G. D. Calvey, A. M. Katz, C. B. Schaffer, and L. Pollack,
Structural dynamics (2016)
Knowledge of protein structure provides essential insight into function, enhancing our understanding of diseases and enabling new treatment development. X-ray crystallography has been used to solve the structures of more than 100 000 proteins; however, the vast majority represent long-lived states that do not capture the functional motions of these molecular machines. Reactions triggered by the addition of a ligand can be the most challenging to detect with crystallography because of the difficulty of synchronizing reactions to create detectable quantities of transient states. The development of X-ray free electron lasers (XFELs) and serial femtosecond crystallography (SFX) enables new approaches for solving protein structures following the rapid diffusion of ligands into micron sized protein crystals.
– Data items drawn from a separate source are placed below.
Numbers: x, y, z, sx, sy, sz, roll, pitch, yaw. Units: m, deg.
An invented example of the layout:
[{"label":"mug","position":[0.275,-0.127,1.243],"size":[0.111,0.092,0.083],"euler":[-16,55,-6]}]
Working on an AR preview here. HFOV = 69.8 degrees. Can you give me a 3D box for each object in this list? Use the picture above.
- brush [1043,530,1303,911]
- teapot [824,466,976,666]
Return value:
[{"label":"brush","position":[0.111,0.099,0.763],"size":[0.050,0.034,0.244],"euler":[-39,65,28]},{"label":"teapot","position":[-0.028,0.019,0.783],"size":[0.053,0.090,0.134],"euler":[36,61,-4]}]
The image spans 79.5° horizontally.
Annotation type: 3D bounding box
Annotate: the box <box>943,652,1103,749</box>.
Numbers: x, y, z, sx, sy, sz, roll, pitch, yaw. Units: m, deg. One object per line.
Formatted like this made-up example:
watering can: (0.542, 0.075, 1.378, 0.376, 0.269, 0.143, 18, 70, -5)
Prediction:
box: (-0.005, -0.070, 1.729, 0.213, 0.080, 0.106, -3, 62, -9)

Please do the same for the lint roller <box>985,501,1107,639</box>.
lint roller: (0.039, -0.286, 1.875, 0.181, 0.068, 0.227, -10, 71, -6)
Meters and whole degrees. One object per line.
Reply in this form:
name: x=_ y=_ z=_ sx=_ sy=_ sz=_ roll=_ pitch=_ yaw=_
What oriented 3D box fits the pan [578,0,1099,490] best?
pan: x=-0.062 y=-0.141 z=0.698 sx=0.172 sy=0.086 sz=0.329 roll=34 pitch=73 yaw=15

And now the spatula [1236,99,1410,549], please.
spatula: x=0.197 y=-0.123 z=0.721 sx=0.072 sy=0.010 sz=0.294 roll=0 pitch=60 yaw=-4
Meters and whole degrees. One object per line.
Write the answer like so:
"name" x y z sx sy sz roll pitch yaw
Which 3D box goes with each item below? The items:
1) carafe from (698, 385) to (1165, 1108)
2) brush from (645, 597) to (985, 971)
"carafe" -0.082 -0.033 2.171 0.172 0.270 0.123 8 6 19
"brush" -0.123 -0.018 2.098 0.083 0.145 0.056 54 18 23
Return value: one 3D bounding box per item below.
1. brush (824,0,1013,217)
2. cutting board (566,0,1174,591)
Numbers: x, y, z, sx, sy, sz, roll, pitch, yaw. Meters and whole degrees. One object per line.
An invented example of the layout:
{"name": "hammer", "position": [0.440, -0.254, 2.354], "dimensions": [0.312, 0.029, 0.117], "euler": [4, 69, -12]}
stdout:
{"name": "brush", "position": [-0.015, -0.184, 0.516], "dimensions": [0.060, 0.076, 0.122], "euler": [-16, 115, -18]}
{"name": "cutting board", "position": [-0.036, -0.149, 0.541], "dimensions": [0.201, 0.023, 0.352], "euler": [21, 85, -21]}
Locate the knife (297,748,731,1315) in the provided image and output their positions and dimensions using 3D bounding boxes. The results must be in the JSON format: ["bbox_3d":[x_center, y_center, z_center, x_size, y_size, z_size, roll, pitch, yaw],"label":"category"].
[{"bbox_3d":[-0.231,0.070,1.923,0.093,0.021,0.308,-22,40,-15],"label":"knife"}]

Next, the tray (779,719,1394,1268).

Conformational changes occurring on millisecond timescales can be detected and time-resolved. Here, we describe a new XFEL injector which incorporates a microfluidic mixer to rapidly combine reactant and sample milliseconds before the sample reaches the X-ray beam. The mixing injector consists of bonded, concentric glass capillaries. The fabrication process, employing custom laser cut centering spacers and UV curable epoxy, ensures precise alignment of capillaries for repeatable, centered sample flow and dependable mixing. Crystal delivery capillaries are 50 or 75 μm in diameter and can contain an integrated filter depending on the demands of the experiment. Reaction times can be varied from submillisecond to several hundred milliseconds. The injector features rapid and uniform mixing, low sample dilution, and high hit rates. It is fully compatible with existing SFX beamlines.